Study characteristics

Across 18 trials, a total of 1330 participants were included, with 631 in the SGLT-2 inhibitor group and 657 in the control group. No major differences in baseline characteristics were identified among the included studies. The mean age of participants ranged from 43.8 to 65.0 years in the SGLT-2i group and 41.8–65.6 years in the control group.
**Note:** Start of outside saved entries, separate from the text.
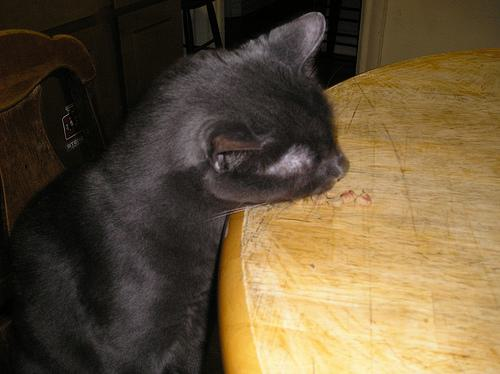What type of table is shown in the image? The table in the image seems to be a smaller wooden table, likely used for casual or personal use and not suitable for formal dining. 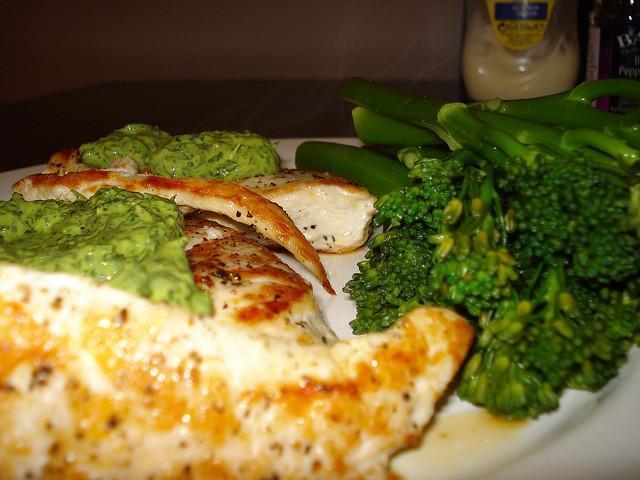Does the caption "The broccoli is beside the pizza." correctly depict the image?
Answer yes or no. Yes. Does the image validate the caption "The broccoli is on the pizza."?
Answer yes or no. No. Does the image validate the caption "The broccoli is at the right side of the pizza."?
Answer yes or no. Yes. Is this affirmation: "The pizza is next to the broccoli." correct?
Answer yes or no. Yes. Does the caption "The broccoli is at the left side of the pizza." correctly depict the image?
Answer yes or no. No. Does the description: "The pizza is under the broccoli." accurately reflect the image?
Answer yes or no. No. Evaluate: Does the caption "The pizza is below the broccoli." match the image?
Answer yes or no. No.

All studies enrolled patients with non-alcoholic fatty liver disease based on ultrasonography24,27,29,32,35,36,37,40, computed tomography32,33,35, magnetic resonance imaging28,34, fatty liver index26, or pre-treatment biopsy findings30,38,39. Subsequently, two out of 18 studies excluded Type 2 diabetes mellitus in their eligibility criteria37,40. Empagliflozin, dapagliflozin, tofogliflozin, luseogliflozin, licogliflozin and ipragliflozin were the studied sodium-glucose cotransporter-2 inhibitors for the experimental group; whereas the control group had varied medications used including pioglitazone, metformin, glimepiride, tenegliptin, liraglutide, placebo or the usual standard of care. Lifestyle modifications and anti-diabetic drugs (including metformin, DPP4-inhibitors, sulfonylureas, and insulin) without any SGLT-2 inhibitors, pioglitazone or GLP-1 agonist, comprise the usual standard of care for Type 2 diabetes mellitus, which was used by three studies as control34,36,38. The course of treatment ranged from 12 to 72 weeks depending on the included trial. Other in-depth characteristics of included studies were presented in Table 1 and in the Supplementary Tables S2–S4 online.

Table 1 Characteristics of included studies.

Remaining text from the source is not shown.